The most popular alcoholic beverage in America is about to get all health-conscious: Most beer brewers are voluntarily including freshness dating, calories, nutritional details and an ingredients list on their labels. The goal for brewers and importers is to fasten new labels on all their cans and bottles by the end of 2020, said the Beer Institute. However, the new labels should begin appearing immediately.

Anheuser-Busch, MillerCoors, HeinekenUSA, Constellation Brands Beer Division, North American Breweries and the Craft Brew Alliance — institute members, one and all — have agreed to make the change. Combined, these companies produce more than 81% of the total volume of beer sold in the United States, the institute said in a statement.

“Some craft beers have as many calories as a hamburger or an ice cream cone,” said Betsy Thurston, an Atlanta-area registered dietician who specializes in eating and weight concerns. “Why shouldn’t we be entitled to know what we are consuming?”

According to Jim McGreevy, president and CEO of the Beer Institute, the initiative provides consumers with “meaningful information” that will “empower” their decision-making. In some cases, brewers may also provide a reference to a website or a QR code with added nutritional information. Some of the participating companies say they’ve already taken steps toward greater transparency.

“We are fully supportive of this initiative and already provide significant information about our beers at www.tapintoyourbeer.com,” Anheuser-Busch said.

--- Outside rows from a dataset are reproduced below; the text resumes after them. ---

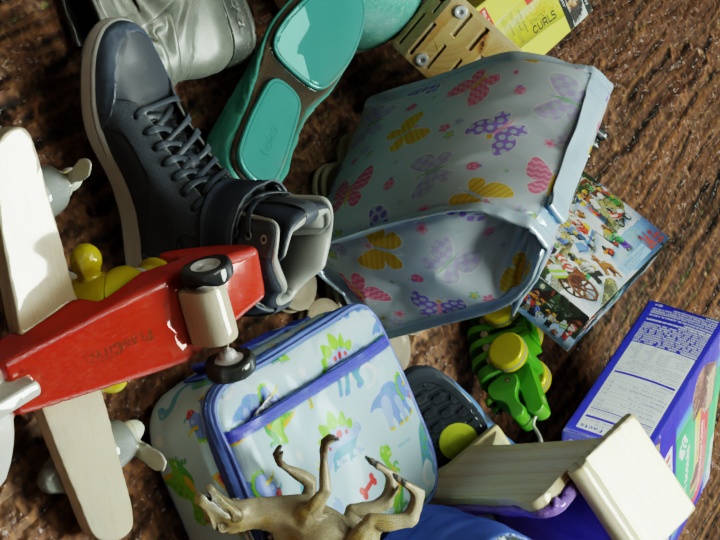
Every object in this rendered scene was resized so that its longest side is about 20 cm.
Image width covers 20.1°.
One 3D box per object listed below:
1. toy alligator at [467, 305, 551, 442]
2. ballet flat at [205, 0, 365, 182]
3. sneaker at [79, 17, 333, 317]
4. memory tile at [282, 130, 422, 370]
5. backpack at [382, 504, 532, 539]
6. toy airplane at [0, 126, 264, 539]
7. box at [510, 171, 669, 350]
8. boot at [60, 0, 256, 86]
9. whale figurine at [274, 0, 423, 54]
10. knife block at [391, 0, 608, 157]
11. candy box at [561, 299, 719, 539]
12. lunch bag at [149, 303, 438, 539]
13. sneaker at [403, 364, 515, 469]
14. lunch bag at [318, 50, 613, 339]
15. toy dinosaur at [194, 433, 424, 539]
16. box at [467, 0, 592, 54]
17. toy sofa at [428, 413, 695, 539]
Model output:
[{"bbox_3d":[0.114,0.084,1.574,0.059,0.054,0.201,46,30,-49],"label":"toy alligator"},{"bbox_3d":[-0.062,-0.127,1.427,0.067,0.070,0.201,43,53,-25],"label":"ballet flat"},{"bbox_3d":[-0.093,-0.065,1.271,0.077,0.145,0.204,-31,113,-48],"label":"sneaker"},{"bbox_3d":[0.000,0.000,1.507,0.154,0.017,0.200,56,40,-21],"label":"memory tile"},{"bbox_3d":[0.071,0.255,1.353,0.200,0.167,0.163,40,71,-39],"label":"backpack"},{"bbox_3d":[-0.174,0.040,1.187,0.198,0.141,0.201,27,91,-32],"label":"toy airplane"},{"bbox_3d":[0.156,-0.024,1.632,0.136,0.038,0.200,39,31,9],"label":"box"},{"bbox_3d":[-0.152,-0.211,1.358,0.130,0.067,0.202,-28,97,-47],"label":"boot"},{"bbox_3d":[-0.006,-0.267,1.531,0.158,0.103,0.202,12,70,-50],"label":"whale figurine"},{"bbox_3d":[0.110,-0.145,1.604,0.200,0.064,0.176,40,6,-12],"label":"knife block"},{"bbox_3d":[0.226,0.150,1.636,0.200,0.076,0.170,-48,145,-48],"label":"candy box"},{"bbox_3d":[-0.041,0.118,1.346,0.199,0.082,0.162,-27,97,-50],"label":"lunch bag"},{"bbox_3d":[0.084,0.141,1.531,0.200,0.066,0.079,50,9,-23],"label":"sneaker"},{"bbox_3d":[0.080,-0.054,1.450,0.127,0.199,0.170,46,45,-28],"label":"lunch bag"},{"bbox_3d":[-0.004,0.168,1.253,0.199,0.058,0.102,32,87,-3],"label":"toy dinosaur"},{"bbox_3d":[0.129,-0.214,1.733,0.200,0.050,0.076,-42,110,-51],"label":"box"},{"bbox_3d":[0.125,0.162,1.386,0.097,0.200,0.083,-39,101,-25],"label":"toy sofa"}]

Thurston agrees “information is power” and added that “we are in the midst of an unprecedented health crisis with diabetes and obesity-related health problems in the last several years.”

More than a third (78.6 million) of United States adults are obese, according to the Centers for Disease Control and Prevention, while 29.1 million people (about 9%) of the population have diabetes. A quarter of those with diabetes have not been diagnosed.

The combination of alcohol and diabetes can be particularly unhealthy. When you drink, the alcohol moves quickly into your bloodstream without being metabolized in the stomach. The average person requires about two hours to metabolize one drink; this work is done by the liver. Because your liver has to work to remove the alcohol from your blood instead of doing its main job of regulating your blood sugar, drinking alcohol can cause low blood-sugar levels for some diabetics. Symptoms include sleepiness, dizziness and disorientation — dangerous, possibly lethal side effects for drinkers and, if they drive, for others as well.

The new labels are not likely to inspire those who love their liquid courage to abstain. Still, forced to confront a calorie count, some drinkers will probably think twice before having another. “I see only positives for the consumers,” Thurston said.